Why Vega

Most binary caches ask you to trust whoever holds the signing key. Vega is built so you do not have to.

When Nix substitutes a build from a cache, it checks that the cache signed it with a key you trust. It does not rebuild the output from source. The cache is therefore a trust anchor: whatever it signs with a trusted key, your machine installs. cache.nixos.org works because you trust the NixOS Foundation's builders; a Cachix cache works because you trust its owner. If that key is stolen or misused, you install whatever the holder signed, and nothing about the binary tells you it is wrong.

Vega signs a build into its shared cache only after independent builders have rebuilt the same derivation and produced the same output, and it records every attestation in a public, append-only log. You can check that record yourself. The guarantee comes from independent agreement and a log you can verify, not from trusting the operator.

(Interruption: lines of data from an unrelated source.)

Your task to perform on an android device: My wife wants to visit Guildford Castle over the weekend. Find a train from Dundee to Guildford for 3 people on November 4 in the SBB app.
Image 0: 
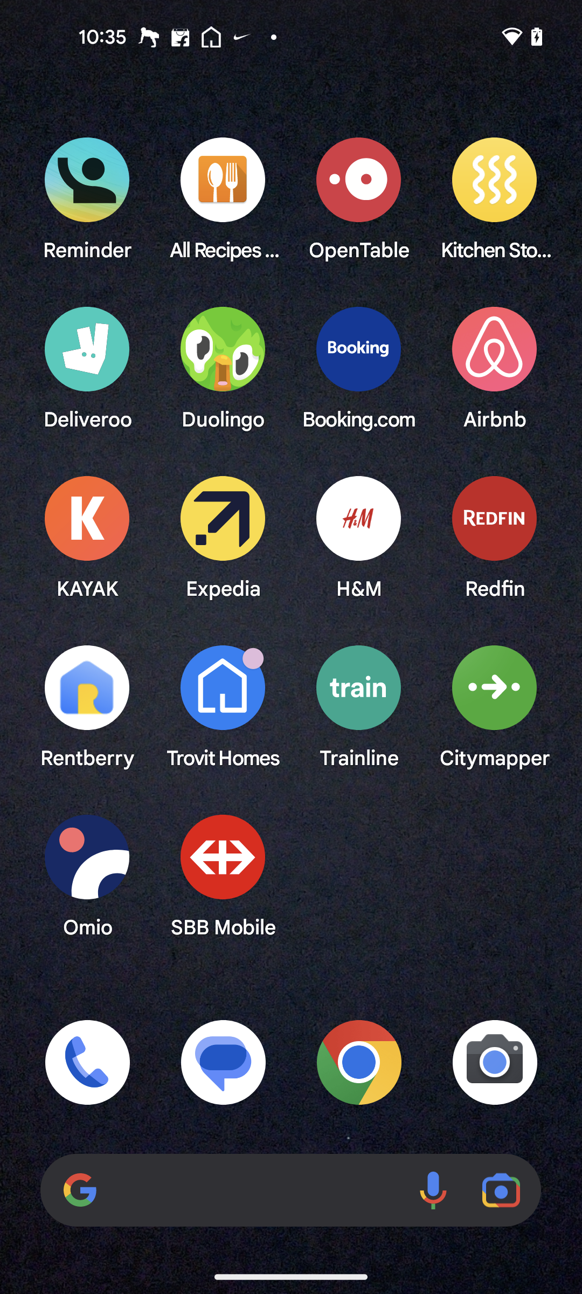
Open the SBB Mobile app
Step 0: open app "SBB Mobile"
Image 1: 
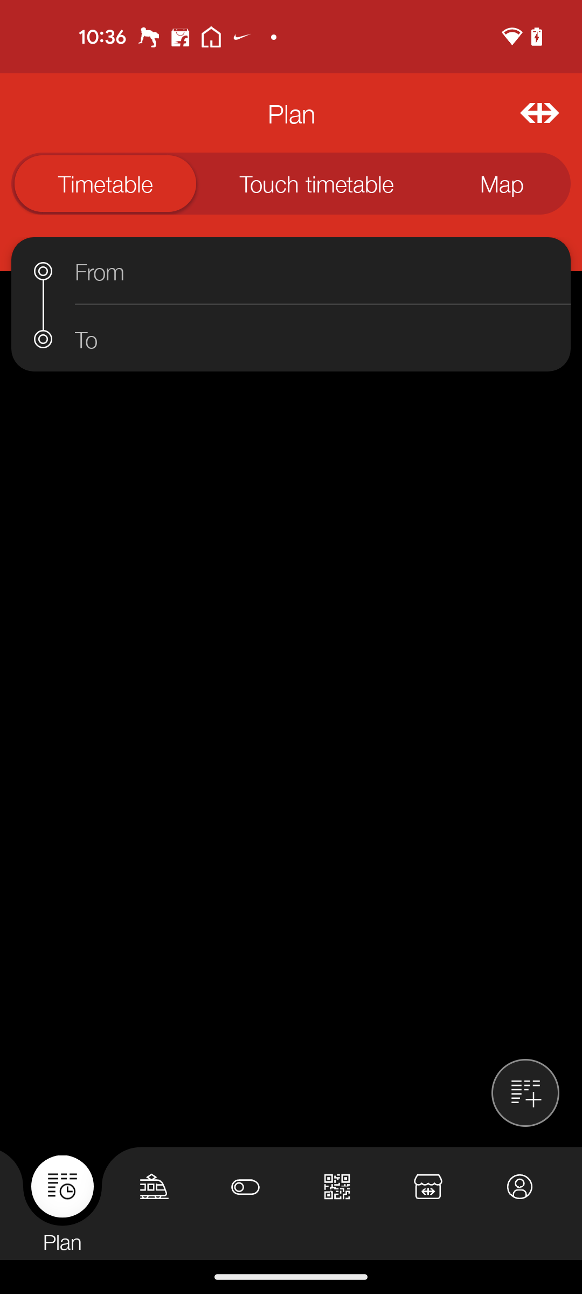
Go to the From search bar
Step 1: click (322, 271)
Image 2: 
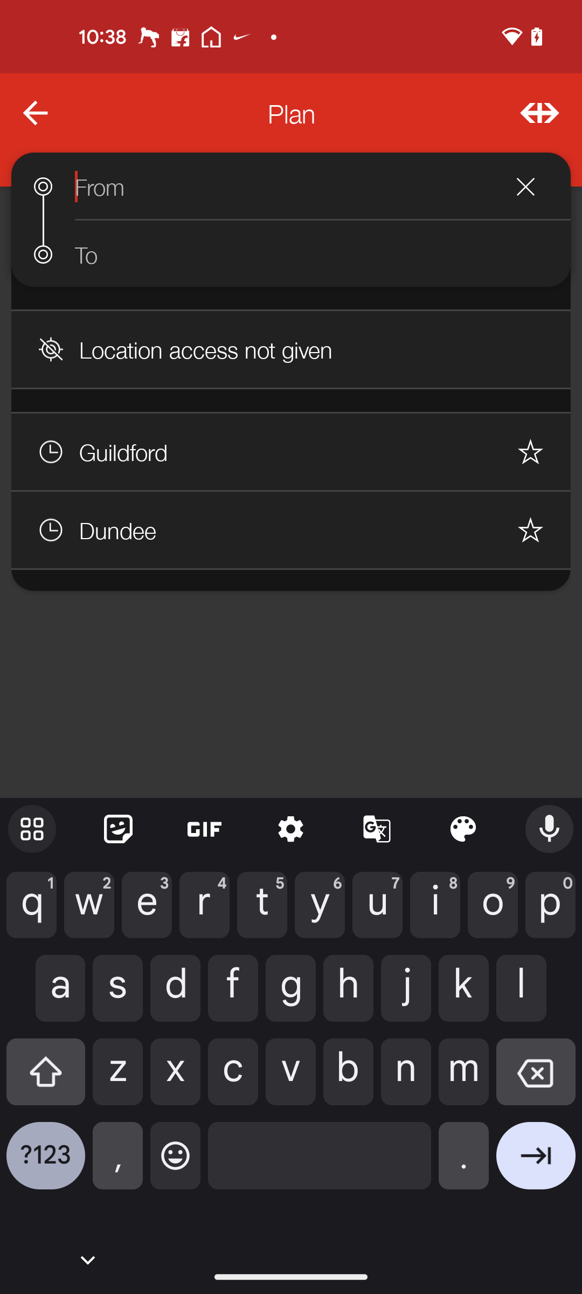
Type Dundee in the search bar
Step 2: type "Dundee"
Image 3: 
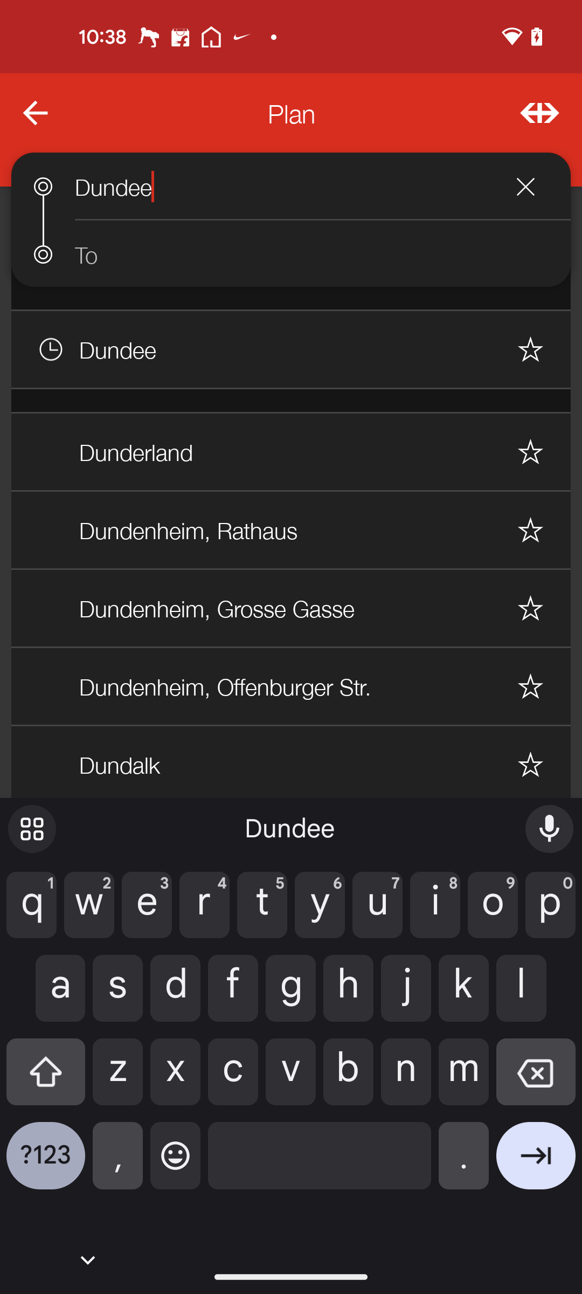
Go to the destination search bar
Step 3: click (322, 253)
Image 4: 
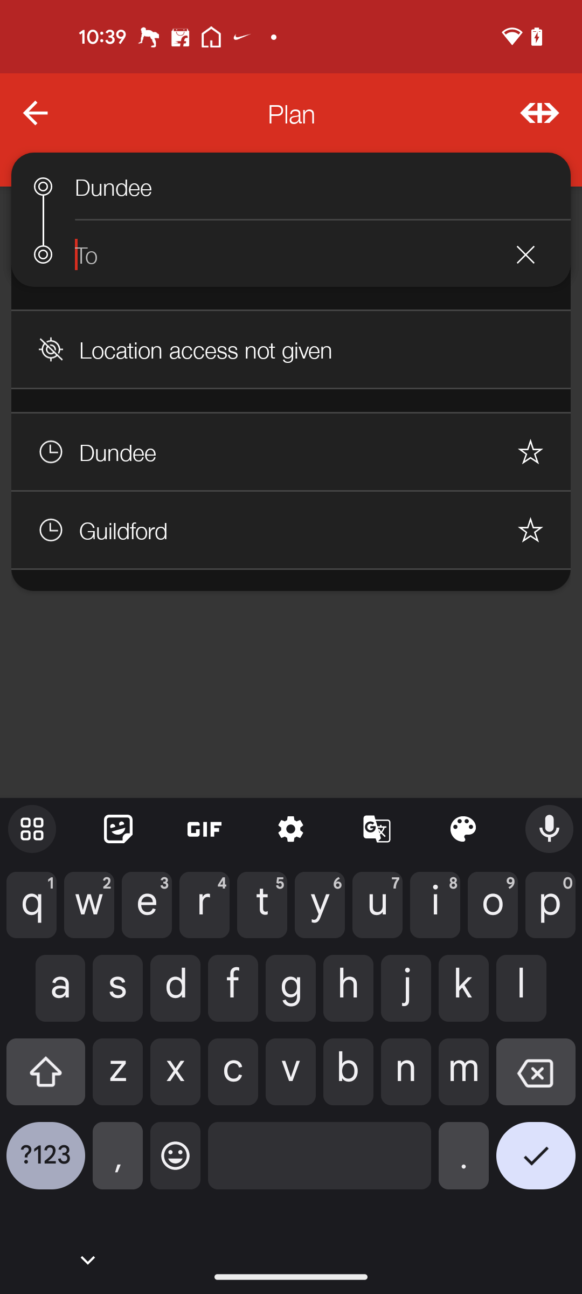
Type Guildford in the destination search bar
Step 4: type "Guildford"
Image 5: 
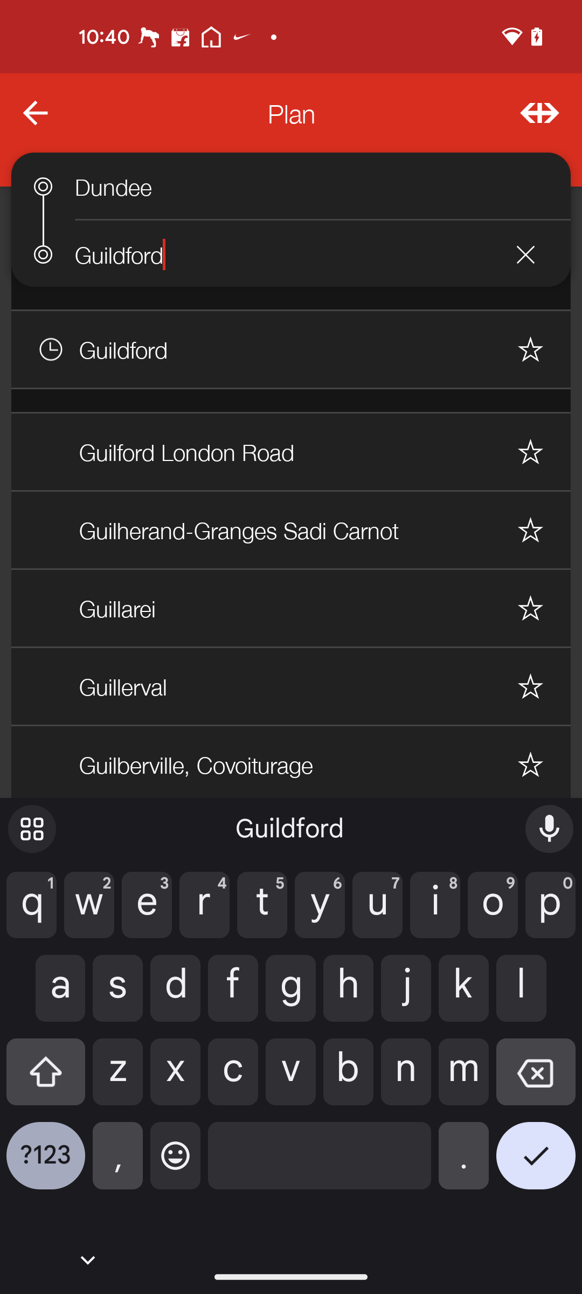
Select the first searched result
Step 5: click (288, 451)

When a private cache is the right tool

If you are one team building for yourselves, a private cache (Cachix, attic, or your own bucket) is simpler and does everything you need. You already trust your own builds, so independent corroboration adds nothing. Reach for Vega when the people relying on a build do not all trust each other, or the publisher.

Where independent corroboration matters

The problem underneath

A reproducible build is one that anyone can recreate from the same source and get byte-for-byte identical output. Without that property, a compromised cache can serve a backdoored binary under a legitimate store path, and a signature only says who signed it, not whether the content is honest. Independent reproduction, recorded in a transparency log, is what closes the gap. It is the idea behind Certificate Transparency, applied to the Nix store. Trustix explored it for Nix; Vega runs it as a service.